• _BRIEF_
Exclude the pictures and retype the entries as written.

===== EXTRACTED ENTRIES

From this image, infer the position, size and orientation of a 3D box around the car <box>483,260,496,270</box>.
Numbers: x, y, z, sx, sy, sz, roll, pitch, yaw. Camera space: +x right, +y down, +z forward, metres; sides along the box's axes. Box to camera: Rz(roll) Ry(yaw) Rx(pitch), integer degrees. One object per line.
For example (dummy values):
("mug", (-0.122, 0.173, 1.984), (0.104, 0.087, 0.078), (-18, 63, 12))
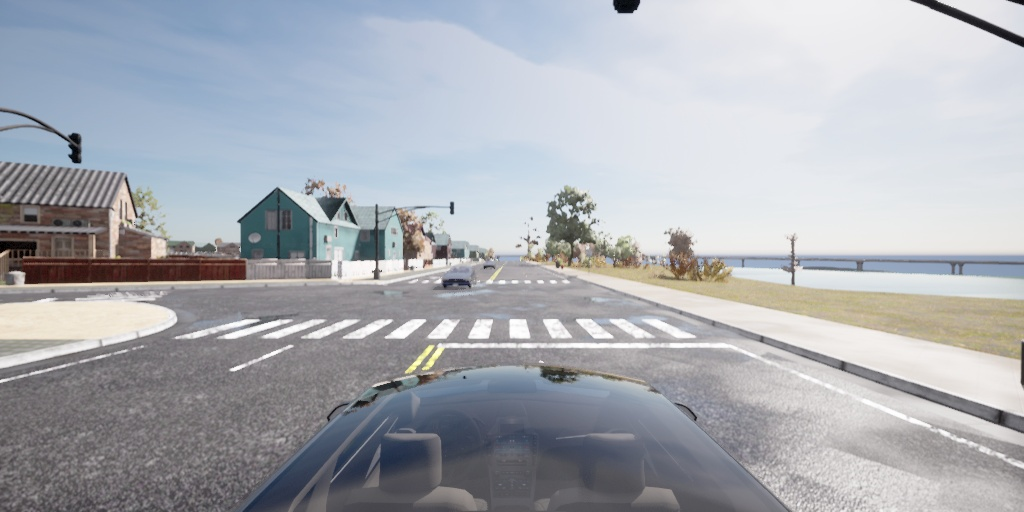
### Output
("car", (-3.546, 1.408, 57.151), (2.033, 1.411, 5.357), (0, 0, 0))

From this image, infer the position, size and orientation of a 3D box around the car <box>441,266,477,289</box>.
("car", (-3.373, 1.345, 23.976), (2.033, 1.411, 5.357), (0, 0, 0))

==========

• _ANSWER BELOW_
From this image, infer the position, size and orientation of a 3D box around the car <box>483,260,496,270</box>.
Numbers: x, y, z, sx, sy, sz, roll, pitch, yaw. Camera space: +x right, +y down, +z forward, metres; sides along the box's axes. Box to camera: Rz(roll) Ry(yaw) Rx(pitch), integer degrees. One object per line.
For example (dummy values):
("mug", (-0.122, 0.173, 1.984), (0.104, 0.087, 0.078), (-18, 63, 12))
### Output
("car", (-3.546, 1.408, 57.151), (2.033, 1.411, 5.357), (0, 0, 0))

From this image, infer the position, size and orientation of a 3D box around the car <box>441,266,477,289</box>.
("car", (-3.373, 1.345, 23.976), (2.033, 1.411, 5.357), (0, 0, 0))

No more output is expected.